Now, however, that we know this...they do not, if this is what they're doing, think they're being jerks. They think they're being polite, and they're fumbling for how to do so just as, if we were dealing with them and seeing them get madder and madder at us for telling them blunt truths and working our hardest to solve the problem directly, we would be at a loss as to how to make headway.

Yes, they probably know a bit about what makes us tick, culturally, and understand kibun isn't the "right" way, but they also feel kibun in their cultural bones and can't escape it any more than we can our own concepts of virtue and honesty above all else. And if we CAN try to meet them half-way, offering them our efforts to preserve their kibun in return for them recognizing that we are not affronted by truth, we will likely make more progress.

One never goes wrong, until fighting starts, by assuming the other people with whom one is dealing are not malign in their hearts.

I think we see at least a part of their attempts to reach out and acknowledge our cultural concerns in the "exhausted all options" phrase. That phrase is practically an admission of failure, something which would harm their own kibun, but is an attempt to recognize Western value placed on "never give up until it's over." They may or may not realize that the white lie that they've tried everything is actually even more insulting for its transparency; certainly, they likely do not recognize it on a visceral level, the same level that would make us shy away from saying such a thing in their position for the sheer gall it would seem to us to require.

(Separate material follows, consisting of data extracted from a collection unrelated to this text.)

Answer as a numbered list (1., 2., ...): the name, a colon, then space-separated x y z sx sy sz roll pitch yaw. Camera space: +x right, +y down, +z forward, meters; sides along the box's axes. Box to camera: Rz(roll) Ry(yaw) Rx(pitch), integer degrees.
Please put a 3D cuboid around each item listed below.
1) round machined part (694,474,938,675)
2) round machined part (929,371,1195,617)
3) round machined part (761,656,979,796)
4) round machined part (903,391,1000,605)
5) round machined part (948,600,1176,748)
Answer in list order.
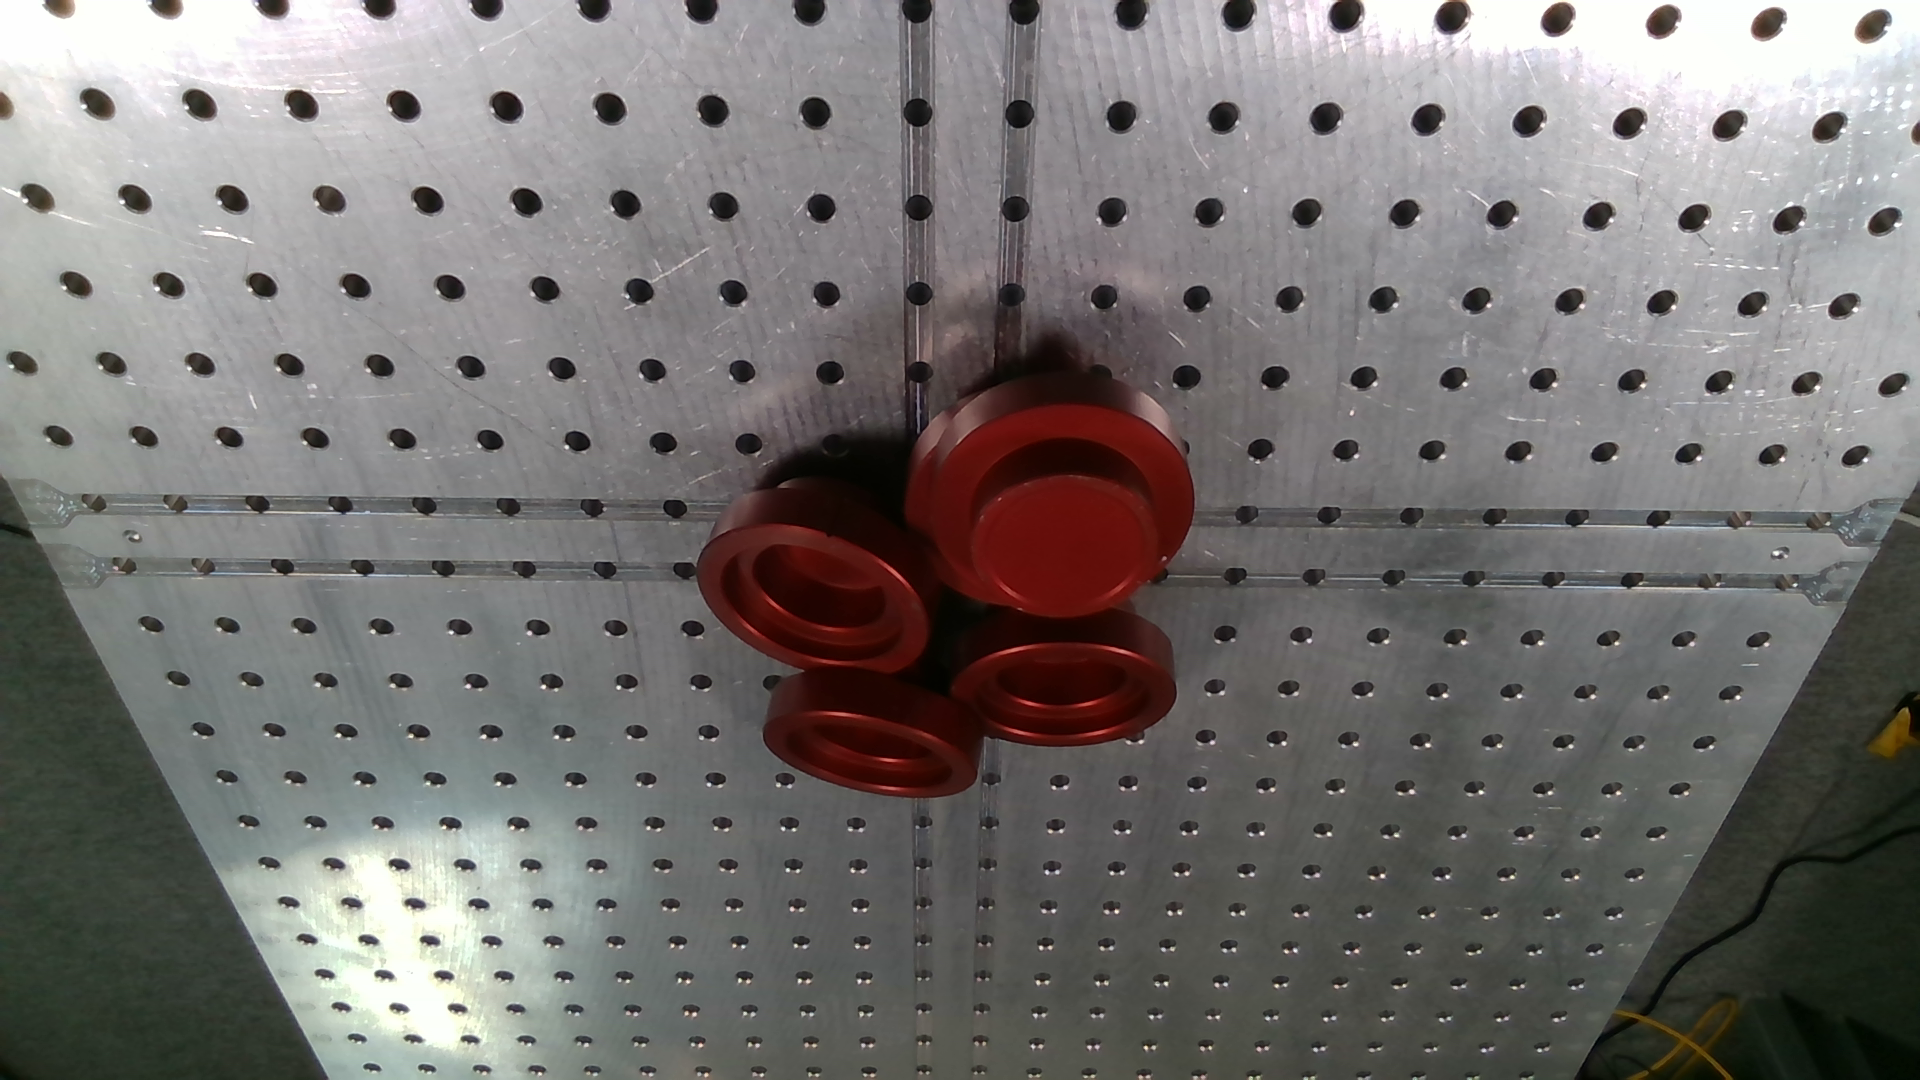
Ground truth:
1. round machined part: -0.056 0.011 0.569 0.098 0.042 0.098 11 141 9
2. round machined part: 0.037 -0.010 0.507 0.098 0.042 0.098 0 130 0
3. round machined part: -0.037 0.079 0.623 0.098 0.042 0.098 9 151 5
4. round machined part: 0.027 -0.023 0.551 0.098 0.042 0.098 0 130 0
5. round machined part: 0.044 0.051 0.602 0.098 0.042 0.098 1 146 1
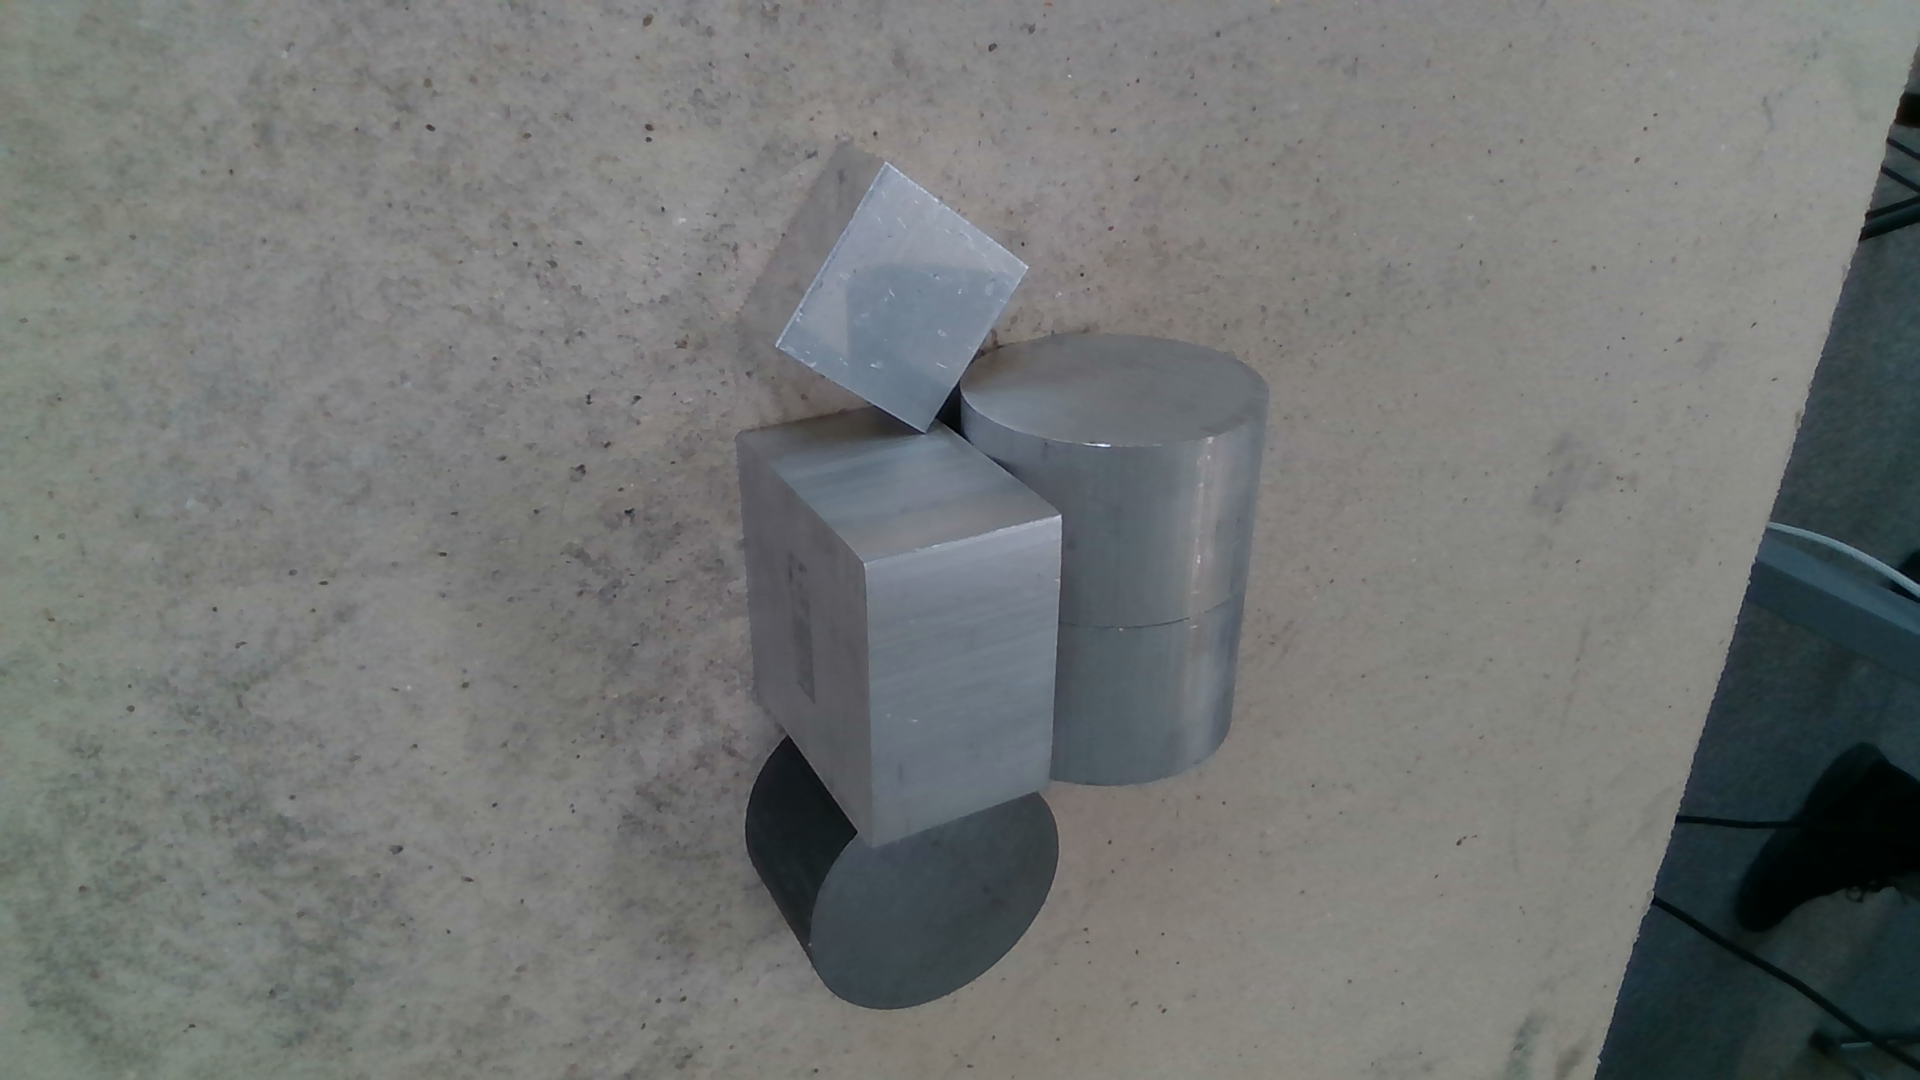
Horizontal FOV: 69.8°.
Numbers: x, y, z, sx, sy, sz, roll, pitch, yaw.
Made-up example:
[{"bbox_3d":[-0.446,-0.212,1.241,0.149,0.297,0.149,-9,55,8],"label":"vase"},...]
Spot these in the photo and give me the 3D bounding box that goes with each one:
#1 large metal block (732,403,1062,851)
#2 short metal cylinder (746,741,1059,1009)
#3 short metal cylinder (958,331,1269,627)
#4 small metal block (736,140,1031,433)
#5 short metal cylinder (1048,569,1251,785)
[{"bbox_3d":[-0.018,0.018,0.354,0.050,0.080,0.080,-14,121,-25],"label":"large metal block"},{"bbox_3d":[-0.018,0.091,0.412,0.080,0.050,0.080,-14,122,-25],"label":"short metal cylinder"},{"bbox_3d":[0.039,-0.019,0.369,0.080,0.080,0.050,-14,121,-25],"label":"short metal cylinder"},{"bbox_3d":[-0.019,-0.063,0.345,0.050,0.025,0.050,27,99,-38],"label":"small metal block"},{"bbox_3d":[0.040,0.025,0.393,0.080,0.080,0.050,-14,121,-25],"label":"short metal cylinder"}]
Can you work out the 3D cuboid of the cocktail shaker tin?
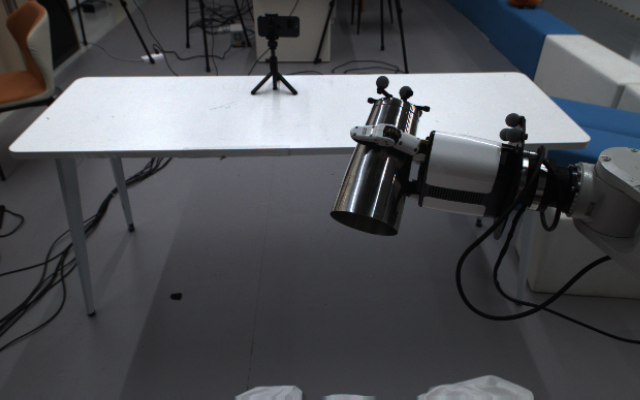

It may be that we need to acknowledge that we hear them when they say they have tried everything, and not call them liars but instead accept that they are trying to preserve our feelings, our kibun. We then need to show them that it has had the opposite effect, but do so while showing that we do, in fact, respect theirs. If they are not insulting us deliberately, then deliberate insult (contrary to some of my other more scathing suggestions) is not the right way to respond.

Above all else, I think we may benefit most by demonstrating that our kibun is best preserved by the salvation and continued existence of CoH. That we value theirs, as well, and that we want to bolster theirs as strongly as possible if they will preserve ours in this fashion. That our ears are open to their needs, our nunchi is strained as hard as we can, and that we're begging for some quiet hints where none need see them as to what we're missing, because we are Westerners who do not have that skill as good as theirs. The best way for them to help us preserve kibun is to offer an aid to our nunchi so that we can, in turn, strive to better act as if we had it and thus preserve their honor/face/kibun.